My final year project aims to help self-learners who use internet as their active source of knowledge. The project is expected to have 3 main modules namely:
- Summarizing
- Question answering
- Integration of all learning platforms
This part focuses on summarizing them for easy skimming over large contents.
From pdfs by extracting text from using PyPdf2 library and performing few cleansing to it.
From website links too.

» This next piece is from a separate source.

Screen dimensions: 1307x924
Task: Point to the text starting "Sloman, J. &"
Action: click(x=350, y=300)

In order to cleanse the html format returned from webscraping, regular expressions are used.
I have used TF-iDF algorithm to extract the most important setences.
STEPS:
- Tokenise,Lemmatize and remove special characters.
- Take up noun and verb tokens which is basically the importance provider of a sentence.
- Find their frequencies.
- Calculate TF and IDF using the formulae.

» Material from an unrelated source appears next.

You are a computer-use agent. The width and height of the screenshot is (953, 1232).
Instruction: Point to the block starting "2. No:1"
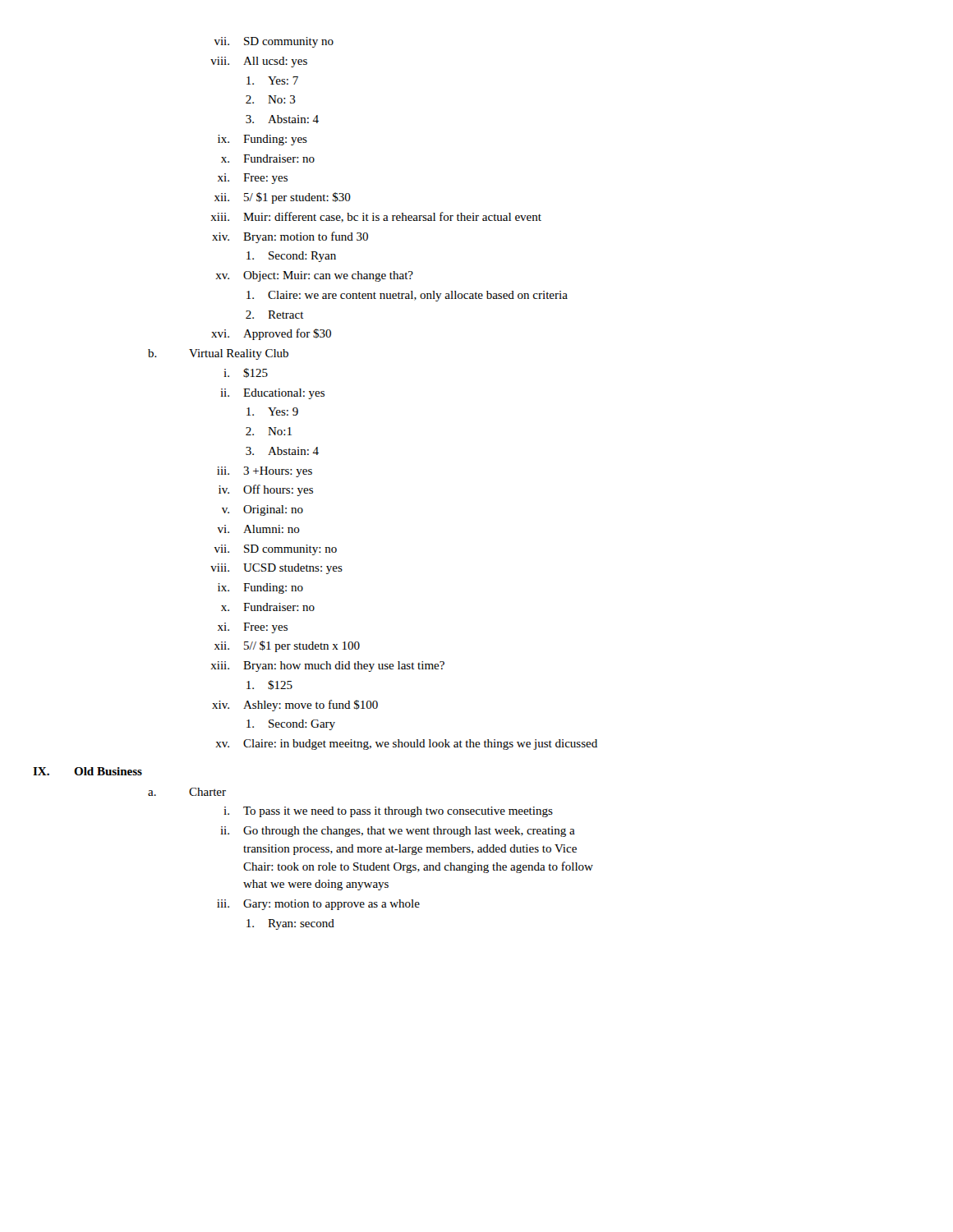click(x=269, y=431)

- Sort the sentences based on their importance score.
- Select the required percentage of sentences from the sorted list.
- Return them in the order of their occurance.
TA-DA!!😁
Check out this awesome link that I referred: https://medium.com/voice-tech-podcast/automatic-extractive-text-summarization-using-tfidf-3fc9a7b26f5
It is a model that helps in identifying the answer to a question or doubt posed by the user. Inorder to do this, the system returns top results for the subjects(finds by PoS tagging) in the user query and searches for the best anwer from the documents retrieved.
The idea is to bring in all the active courses in various MOOC platforms. This helps the users in keeping track of their active courses and schedule their day accordingly.